_Supplied records_
------------------------------------------------------------

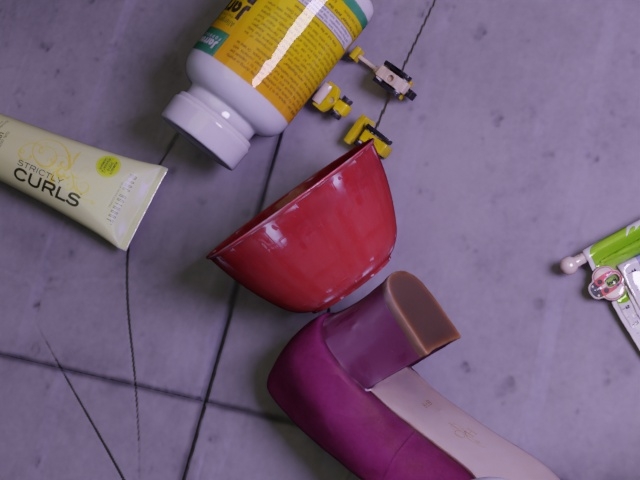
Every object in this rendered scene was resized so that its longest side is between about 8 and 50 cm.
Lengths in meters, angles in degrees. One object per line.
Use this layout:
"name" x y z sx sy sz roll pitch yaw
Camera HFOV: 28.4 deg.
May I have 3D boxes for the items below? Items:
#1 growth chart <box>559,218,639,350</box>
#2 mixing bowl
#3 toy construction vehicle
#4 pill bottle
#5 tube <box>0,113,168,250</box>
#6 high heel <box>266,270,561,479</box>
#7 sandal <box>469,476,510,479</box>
"growth chart" 0.338 0.064 1.060 0.172 0.021 0.237 -34 67 2
"mixing bowl" 0.000 0.000 1.119 0.181 0.181 0.098 -35 96 3
"toy construction vehicle" 0.047 -0.131 1.209 0.098 0.035 0.086 37 96 26
"pill bottle" -0.054 -0.174 1.203 0.117 0.117 0.208 36 86 24
"tube" -0.274 -0.075 1.272 0.240 0.062 0.070 24 121 17
"high heel" 0.097 0.222 1.058 0.181 0.127 0.377 -40 68 36
"sandal" 0.031 0.351 0.950 0.169 0.102 0.416 36 106 32
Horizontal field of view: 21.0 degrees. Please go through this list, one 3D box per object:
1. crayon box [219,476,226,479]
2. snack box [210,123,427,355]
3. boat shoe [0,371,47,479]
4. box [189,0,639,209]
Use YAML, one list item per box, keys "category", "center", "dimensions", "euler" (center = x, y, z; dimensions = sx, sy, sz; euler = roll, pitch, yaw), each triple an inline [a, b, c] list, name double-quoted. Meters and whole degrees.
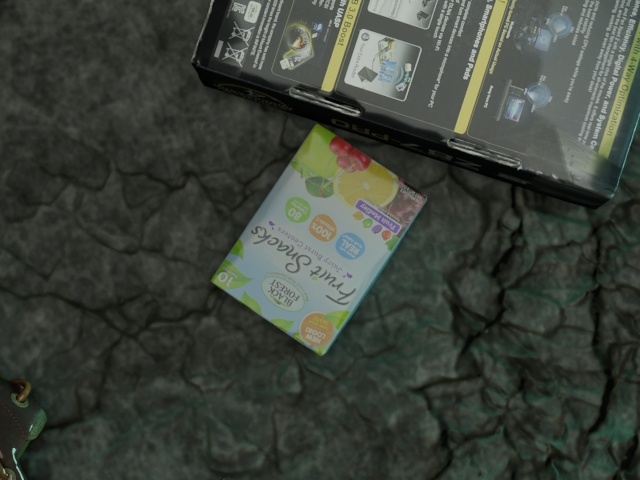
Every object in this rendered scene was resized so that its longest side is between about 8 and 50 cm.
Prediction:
- category: "crayon box"
  center: [-0.028, 0.324, 1.158]
  dimensions: [0.083, 0.203, 0.322]
  euler: [-3, 86, 1]
- category: "snack box"
  center: [0.000, 0.000, 1.265]
  dimensions: [0.100, 0.037, 0.141]
  euler: [34, 87, 4]
- category: "boat shoe"
  center: [-0.255, 0.146, 1.235]
  dimensions: [0.123, 0.123, 0.342]
  euler: [-21, 79, -30]
- category: "box"
  center: [0.116, -0.257, 1.254]
  dimensions: [0.318, 0.097, 0.394]
  euler: [17, 86, 3]
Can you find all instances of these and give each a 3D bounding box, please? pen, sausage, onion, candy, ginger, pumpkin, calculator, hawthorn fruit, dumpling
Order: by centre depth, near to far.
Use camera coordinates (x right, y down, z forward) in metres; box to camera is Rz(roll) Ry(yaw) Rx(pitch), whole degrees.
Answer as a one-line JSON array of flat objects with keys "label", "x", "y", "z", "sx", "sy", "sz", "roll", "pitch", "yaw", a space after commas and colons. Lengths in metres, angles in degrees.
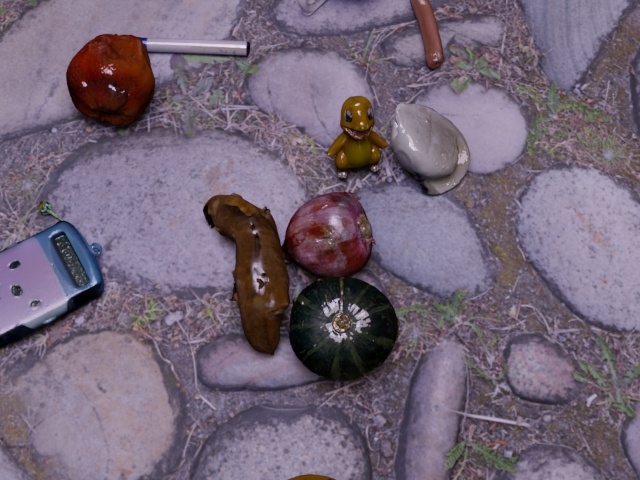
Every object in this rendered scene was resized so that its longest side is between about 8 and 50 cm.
[{"label": "pumpkin", "x": 0.039, "y": 0.152, "z": 1.567, "sx": 0.190, "sy": 0.146, "sz": 0.190, "roll": -3, "pitch": 81, "yaw": 19}, {"label": "ginger", "x": -0.123, "y": 0.041, "z": 1.621, "sx": 0.133, "sy": 0.107, "sz": 0.309, "roll": -32, "pitch": 61, "yaw": 23}, {"label": "calculator", "x": -0.528, "y": 0.082, "z": 1.631, "sx": 0.293, "sy": 0.051, "sz": 0.173, "roll": -29, "pitch": 71, "yaw": -12}, {"label": "onion", "x": 0.000, "y": 0.000, "z": 1.639, "sx": 0.195, "sy": 0.159, "sz": 0.159, "roll": -19, "pitch": 67, "yaw": 23}, {"label": "candy", "x": -0.495, "y": -0.046, "z": 1.703, "sx": 0.083, "sy": 0.025, "sz": 0.023, "roll": 33, "pitch": 99, "yaw": 2}, {"label": "dumpling", "x": 0.208, "y": -0.182, "z": 1.734, "sx": 0.150, "sy": 0.092, "sz": 0.176, "roll": -30, "pitch": 76, "yaw": -28}, {"label": "hawthorn fruit", "x": -0.397, "y": -0.316, "z": 1.737, "sx": 0.173, "sy": 0.173, "sz": 0.179, "roll": 31, "pitch": 72, "yaw": 10}, {"label": "pen", "x": -0.278, "y": -0.396, "z": 1.839, "sx": 0.269, "sy": 0.033, "sz": 0.033, "roll": 2, "pitch": 68, "yaw": 0}, {"label": "sausage", "x": 0.220, "y": -0.439, "z": 1.865, "sx": 0.043, "sy": 0.043, "sz": 0.186, "roll": -9, "pitch": 70, "yaw": -5}]

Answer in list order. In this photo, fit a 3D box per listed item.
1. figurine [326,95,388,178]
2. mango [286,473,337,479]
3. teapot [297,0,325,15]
[{"label": "figurine", "x": 0.065, "y": -0.214, "z": 1.705, "sx": 0.121, "sy": 0.176, "sz": 0.122, "roll": -8, "pitch": 57, "yaw": -7}, {"label": "mango", "x": -0.032, "y": 0.446, "z": 1.480, "sx": 0.178, "sy": 0.090, "sz": 0.115, "roll": -29, "pitch": 84, "yaw": -16}, {"label": "teapot", "x": 0.057, "y": -0.594, "z": 1.874, "sx": 0.298, "sy": 0.139, "sz": 0.204, "roll": -40, "pitch": 76, "yaw": -18}]

------------------------------------------------------------

_Exercise_
Read the entries and select each line where the word "whole" is found.

_Output below_
Use YAML, one list item per box, keys "category", "center", "dimensions", "euler" (center = x, y, z; dimensions = sx, sy, sz; euler = roll, pitch, yaw), each triple an inline [a, b, c] list, name double-quoted. Meters and whole degrees.
Use camera coordinates (x right, y down, z forward) in metres; box to camera is Rz(roll) Ry(yaw) Rx(pitch), whole degrees.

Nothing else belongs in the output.